** Opening SOURCE DATA block **
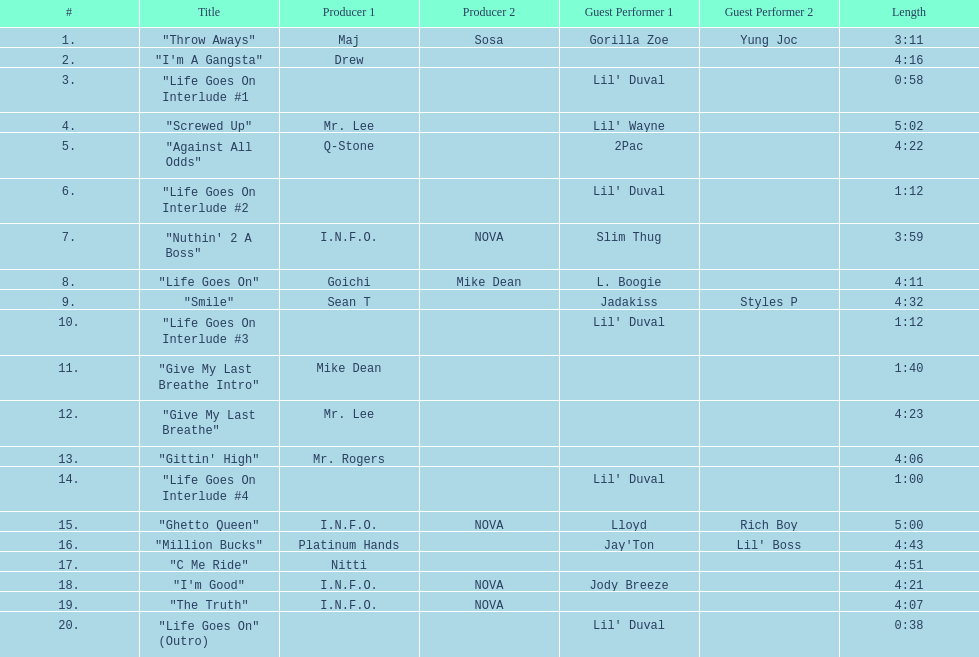Which producers produced the majority of songs on this record? I.N.F.O. & NOVA. 
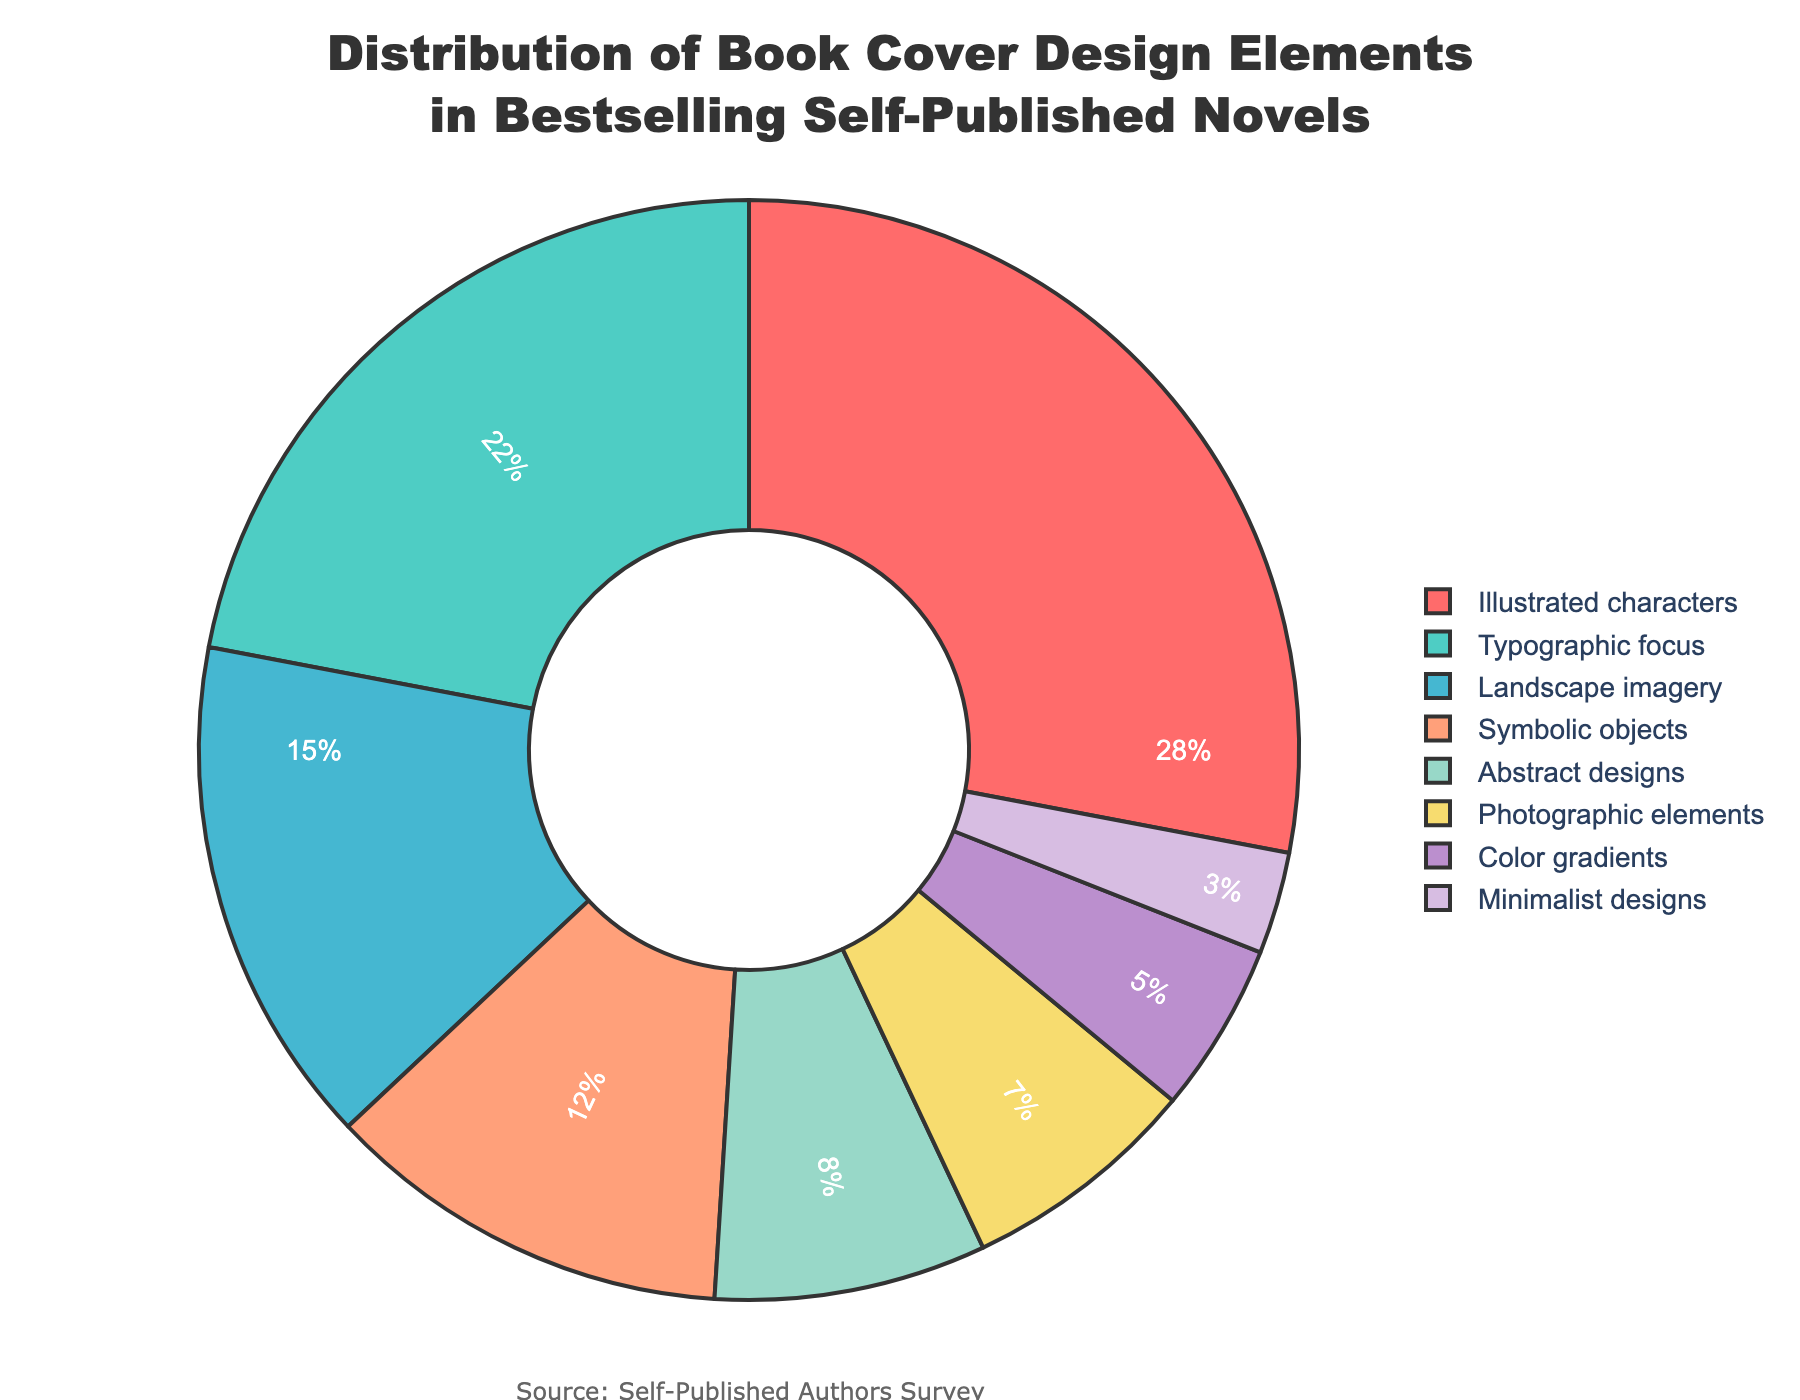What is the most common design element used in bestselling self-published novels? The pie chart shows that "Illustrated characters" has the largest percentage among all the design elements.
Answer: Illustrated characters What percentage of book covers feature symbolic objects and color gradients combined? Sum the percentages of "Symbolic objects" (12%) and "Color gradients" (5%) from the pie chart.
Answer: 17% Which design element has a higher percentage, landscape imagery or abstract designs? Compare the percentages of "Landscape imagery" (15%) and "Abstract designs" (8%) in the pie chart.
Answer: Landscape imagery What is the total percentage of book covers that use either photographic elements or minimalist designs? Sum the percentages of "Photographic elements" (7%) and "Minimalist designs" (3%).
Answer: 10% What is the difference in percentage between illustrated characters and typographic focus? Subtract the percentage of "Typographic focus" (22%) from the percentage of "Illustrated characters" (28%).
Answer: 6% How does the percentage of book covers with landscape imagery compare to those with symbolic objects? The percentage for "Landscape imagery" is 15%, whereas for "Symbolic objects" it is 12%.
Answer: Landscape imagery is higher Which segment is colored green and what is its corresponding percentage? The color green is assigned to "Typographic focus" which has a percentage of 22% according to the color mapping and the pie chart.
Answer: Typographic focus; 22% What is the cumulative percentage for categories with less than 10% representation? Sum the percentages of "Abstract designs" (8%), "Photographic elements" (7%), "Color gradients" (5%), and "Minimalist designs" (3%).
Answer: 23% If we group symbolic objects and abstract designs together, what would their combined percentage be? Add the percentages of "Symbolic objects" (12%) and "Abstract designs" (8%).
Answer: 20% Which design element has the lowest percentage, and what is it? The pie chart shows "Minimalist designs" has the smallest percentage at 3%.
Answer: Minimalist designs; 3%
** Closing SOURCE DATA block **
WHAT YOU NEED TO DO: Output only the stretch above from the line with "What is the most" through the line with "Answer: Landscape imagery is", reproduced exactly. Exclude pictures.

TASK OUTPUT:
What is the most common design element used in bestselling self-published novels? The pie chart shows that "Illustrated characters" has the largest percentage among all the design elements.
Answer: Illustrated characters What percentage of book covers feature symbolic objects and color gradients combined? Sum the percentages of "Symbolic objects" (12%) and "Color gradients" (5%) from the pie chart.
Answer: 17% Which design element has a higher percentage, landscape imagery or abstract designs? Compare the percentages of "Landscape imagery" (15%) and "Abstract designs" (8%) in the pie chart.
Answer: Landscape imagery What is the total percentage of book covers that use either photographic elements or minimalist designs? Sum the percentages of "Photographic elements" (7%) and "Minimalist designs" (3%).
Answer: 10% What is the difference in percentage between illustrated characters and typographic focus? Subtract the percentage of "Typographic focus" (22%) from the percentage of "Illustrated characters" (28%).
Answer: 6% How does the percentage of book covers with landscape imagery compare to those with symbolic objects? The percentage for "Landscape imagery" is 15%, whereas for "Symbolic objects" it is 12%.
Answer: Landscape imagery is higher Which segment is colored green and what is its corresponding percentage? The color green is assigned to "Typographic focus" which has a percentage of 22% according to the color mapping and the pie chart.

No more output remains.